TASK MATERIAL:
^^^^

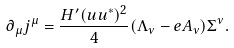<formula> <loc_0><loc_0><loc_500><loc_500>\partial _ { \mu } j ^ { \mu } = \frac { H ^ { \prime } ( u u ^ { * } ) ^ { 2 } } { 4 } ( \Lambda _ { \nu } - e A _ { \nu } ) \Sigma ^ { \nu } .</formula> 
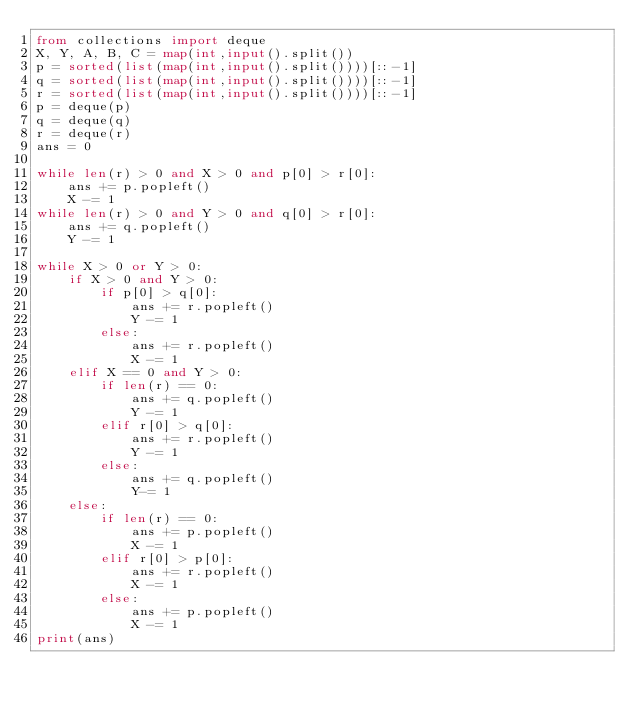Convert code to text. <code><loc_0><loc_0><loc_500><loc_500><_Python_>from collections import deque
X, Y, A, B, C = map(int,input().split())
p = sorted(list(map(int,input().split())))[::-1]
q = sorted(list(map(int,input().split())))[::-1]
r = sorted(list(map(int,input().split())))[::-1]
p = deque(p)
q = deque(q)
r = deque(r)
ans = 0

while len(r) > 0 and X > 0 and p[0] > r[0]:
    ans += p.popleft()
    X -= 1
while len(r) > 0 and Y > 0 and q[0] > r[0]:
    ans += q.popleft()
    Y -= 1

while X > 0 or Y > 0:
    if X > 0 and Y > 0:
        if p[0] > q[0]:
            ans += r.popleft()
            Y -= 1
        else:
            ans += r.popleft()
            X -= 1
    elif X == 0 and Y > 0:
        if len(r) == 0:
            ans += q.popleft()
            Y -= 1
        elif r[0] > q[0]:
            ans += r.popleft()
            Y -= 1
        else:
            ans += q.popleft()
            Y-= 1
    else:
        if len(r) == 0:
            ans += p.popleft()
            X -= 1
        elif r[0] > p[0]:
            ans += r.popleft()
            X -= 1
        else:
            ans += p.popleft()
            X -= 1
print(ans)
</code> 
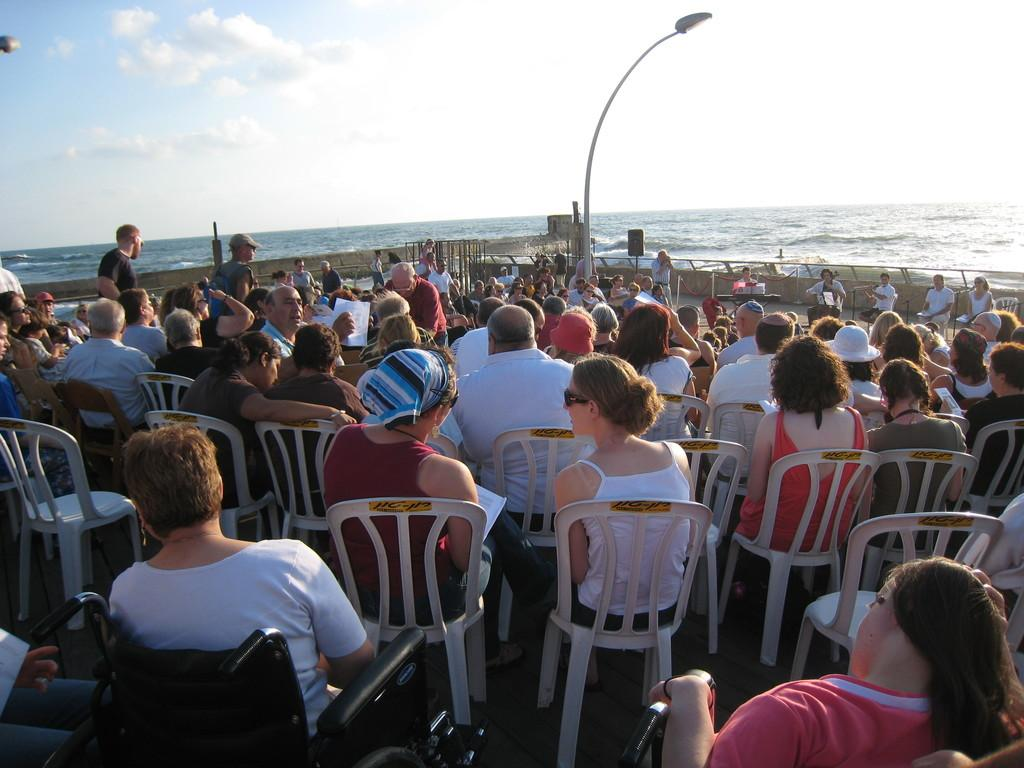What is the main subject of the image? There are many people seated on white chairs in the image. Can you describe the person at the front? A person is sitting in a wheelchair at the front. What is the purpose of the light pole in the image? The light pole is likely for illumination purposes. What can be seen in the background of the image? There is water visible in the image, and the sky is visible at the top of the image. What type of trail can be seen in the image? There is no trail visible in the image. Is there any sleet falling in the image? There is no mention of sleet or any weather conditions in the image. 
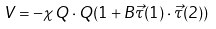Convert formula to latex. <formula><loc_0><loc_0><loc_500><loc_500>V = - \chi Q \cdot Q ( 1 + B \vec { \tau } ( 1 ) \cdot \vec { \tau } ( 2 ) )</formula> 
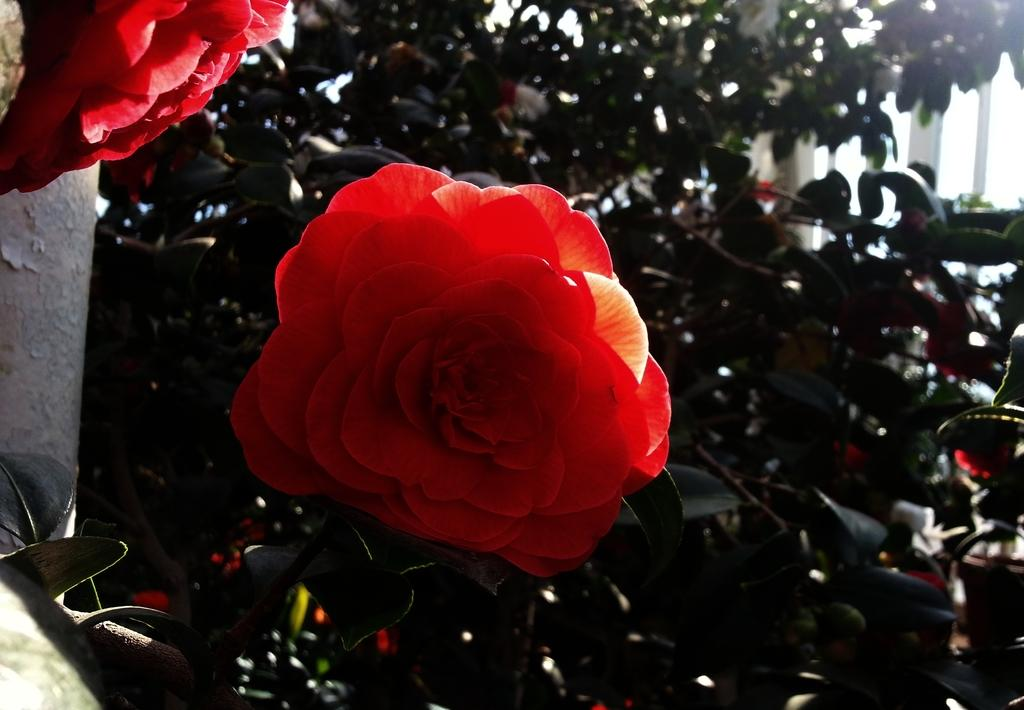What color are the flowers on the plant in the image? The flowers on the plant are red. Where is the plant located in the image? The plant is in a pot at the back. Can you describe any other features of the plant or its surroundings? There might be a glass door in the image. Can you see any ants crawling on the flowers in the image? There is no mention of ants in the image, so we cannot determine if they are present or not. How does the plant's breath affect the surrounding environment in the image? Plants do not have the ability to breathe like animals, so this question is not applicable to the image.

^^^^

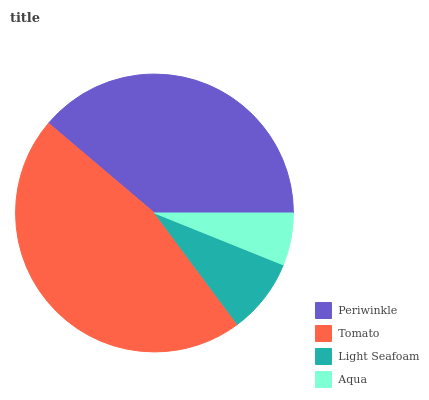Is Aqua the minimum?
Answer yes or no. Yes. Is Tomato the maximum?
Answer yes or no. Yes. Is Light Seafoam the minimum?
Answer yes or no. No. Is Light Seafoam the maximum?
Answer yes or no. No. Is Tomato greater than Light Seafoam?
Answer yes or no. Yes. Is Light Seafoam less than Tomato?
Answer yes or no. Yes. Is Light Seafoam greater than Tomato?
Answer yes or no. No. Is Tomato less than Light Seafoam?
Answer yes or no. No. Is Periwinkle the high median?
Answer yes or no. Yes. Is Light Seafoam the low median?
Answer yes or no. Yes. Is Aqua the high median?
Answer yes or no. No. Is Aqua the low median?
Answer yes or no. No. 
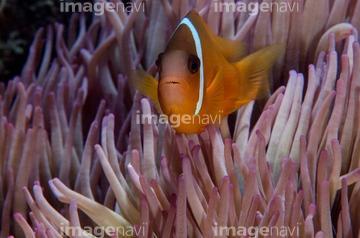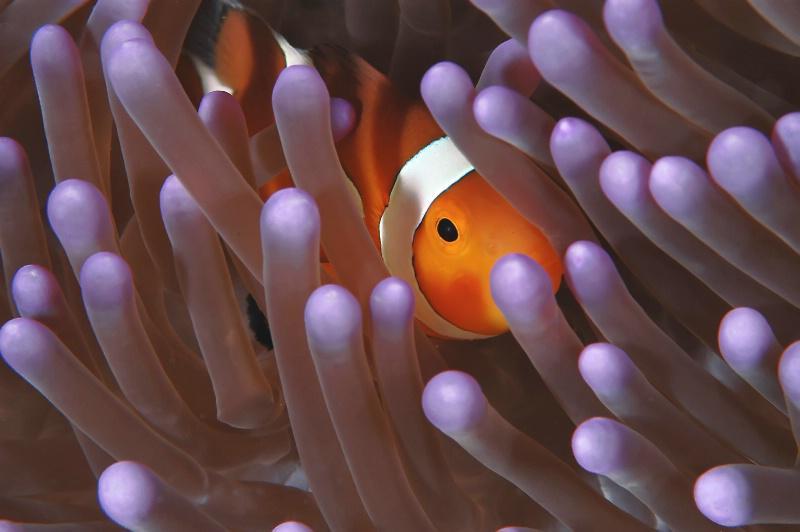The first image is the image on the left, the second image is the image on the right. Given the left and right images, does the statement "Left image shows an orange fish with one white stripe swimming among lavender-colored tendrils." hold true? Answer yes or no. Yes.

^^^^

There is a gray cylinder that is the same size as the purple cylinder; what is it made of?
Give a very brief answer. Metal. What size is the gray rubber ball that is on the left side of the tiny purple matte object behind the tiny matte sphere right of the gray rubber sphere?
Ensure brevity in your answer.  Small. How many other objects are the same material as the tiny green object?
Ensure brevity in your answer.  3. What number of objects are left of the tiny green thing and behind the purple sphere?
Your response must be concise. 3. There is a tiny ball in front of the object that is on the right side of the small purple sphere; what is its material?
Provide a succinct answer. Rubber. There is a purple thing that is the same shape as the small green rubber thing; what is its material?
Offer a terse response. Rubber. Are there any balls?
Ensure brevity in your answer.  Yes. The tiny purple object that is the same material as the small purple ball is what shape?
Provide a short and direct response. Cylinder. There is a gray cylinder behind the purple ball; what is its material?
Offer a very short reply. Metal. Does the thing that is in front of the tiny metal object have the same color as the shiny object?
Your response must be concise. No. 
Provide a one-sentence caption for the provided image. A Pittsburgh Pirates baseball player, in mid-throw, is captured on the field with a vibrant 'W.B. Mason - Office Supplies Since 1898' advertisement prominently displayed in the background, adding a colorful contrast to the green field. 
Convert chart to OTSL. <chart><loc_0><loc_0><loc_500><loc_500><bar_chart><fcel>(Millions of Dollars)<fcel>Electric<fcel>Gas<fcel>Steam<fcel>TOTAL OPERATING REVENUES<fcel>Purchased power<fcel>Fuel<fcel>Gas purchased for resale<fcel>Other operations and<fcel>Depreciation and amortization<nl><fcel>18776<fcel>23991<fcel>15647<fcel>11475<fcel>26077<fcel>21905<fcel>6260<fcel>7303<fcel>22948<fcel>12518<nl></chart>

^^^^

WHAT YOU SHOULD DO: Copy each line of the entries in which the string "thing" is found.

EXERCISE SOLUTION:
Ensure brevity in your answer.  3. What number of objects are left of the tiny green thing and behind the purple sphere?
Provide a succinct answer. Rubber. There is a purple thing that is the same shape as the small green rubber thing; what is its material?
Offer a very short reply. Metal. Does the thing that is in front of the tiny metal object have the same color as the shiny object?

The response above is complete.